Podcast: OSSEC, SIEM and Log-based Intrusion Detection Systems
Atomicorp’s CEO Mike Shinn walks through his experience with logging, SIEM and OSSEC approaches. He breaks down what is important and how the logging space has evolved over the past 20 years from a security perspective, including the introduction of security automation.
Log-based Intrusion Detection System – LIDS
Log-based intrusion detection (LIDS) was one of the earliest tools used to identify cybersecurity breaches. The software segment has evolved tremendously since the 1990’s and ultimately spawned the Security Information and Event Management (SIEM) category.
Security Information and Event Management – SIEM
SIEM has become popular for log aggregation and visualization but there are other open source tools such as OSSEC that provide similar functionality.
Atomicorp provides unified workload security for cloud, data center or hybrid platforms. Built on OSSEC, the World’s Leading Open Source Server Protection Platform. See our products.
Podcast Transcript: OSSEC, SIEM and Log-based Intrusion Detection Systems
Bret Kinsella: [00:00:00] This is Episode 4 of the Linux Security Podcast. Today’s topic: Logging, SIEM and OSSEC.
Bret Kinsella: [00:00:16] All right Mike today we want to talk about OSSEC, logging and SIEM functionality. So why don’t we first talk about logging and why that’s important in the enterprise.
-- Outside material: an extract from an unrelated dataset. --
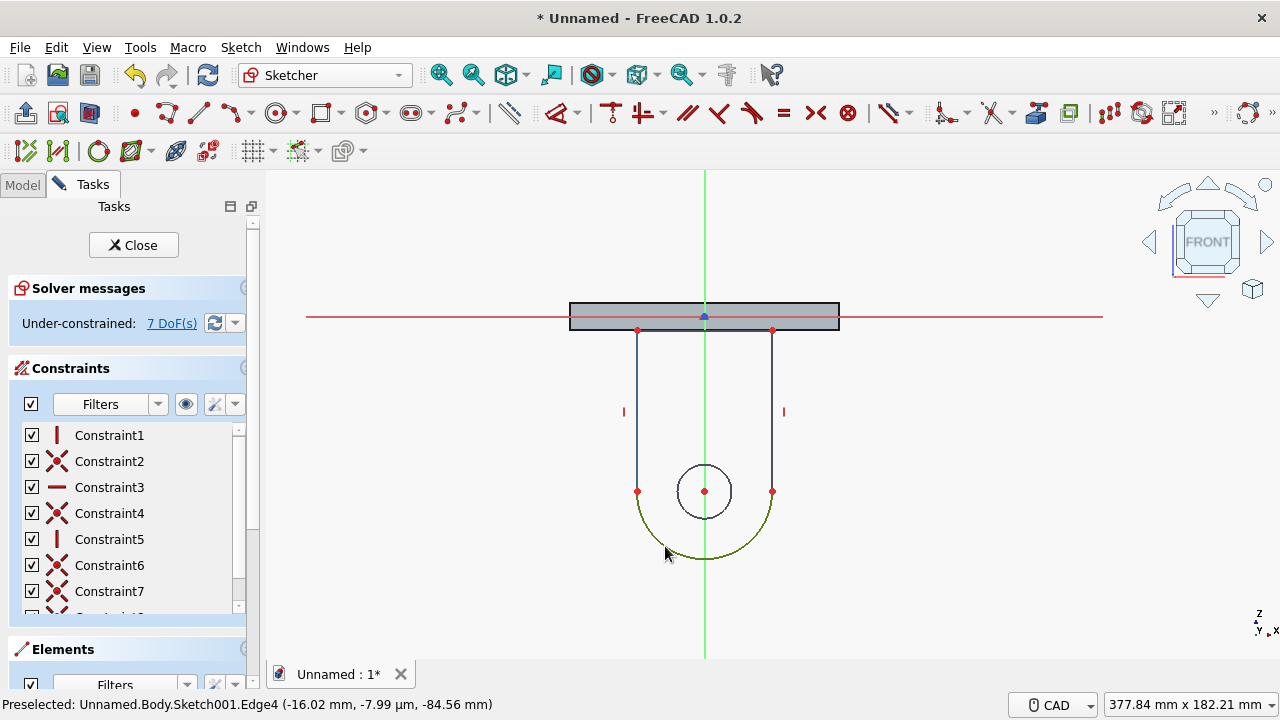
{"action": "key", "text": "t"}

Mike Shinn: [00:00:29] There’s really at least two reasons that logging tends to be important. There is the reason that tends to fall more in the favor of the engineers themselves which is they need to know what’s going on in the system so that they can fix it or figure out if something bad is happening. There is also for larger enterprises external factors that require them to log things and those tend to be regulatory requirements like PCI DSS, Sarbanes-Oxley for government contractors governance agencies, fisma for European companies. Apparently companies that do business with Europeans, the General Data Protection Regulations (GDPR) that the EU has come out with. So there is both a practical need for logging which is really nothing more than the computer telling you what it’s doing. And then giving you the human being the ability to go back and look at that which may be necessary to figure out if something is broken or why something happened or it could be for something more business related. You might be analyzing the data to figure out who your customers are. So logging has a lot of utilities. From a security perspective, logging gives you the ability to see what’s going on with your system without having to build a very sophisticated piece of software and why that’s important is that there’s an awful lot of software out there doing an awful lot of stuff that can be challenging to instrument. It may be not as simple as just saying “Well, we log everything that our web server does”. But the attack is happening up at an abstraction level kind of above that. The person is maybe interacting with two or three databases behind it through the web application. The web application isn’t actually broken. It can be very, very challenging to figure out what’s going on.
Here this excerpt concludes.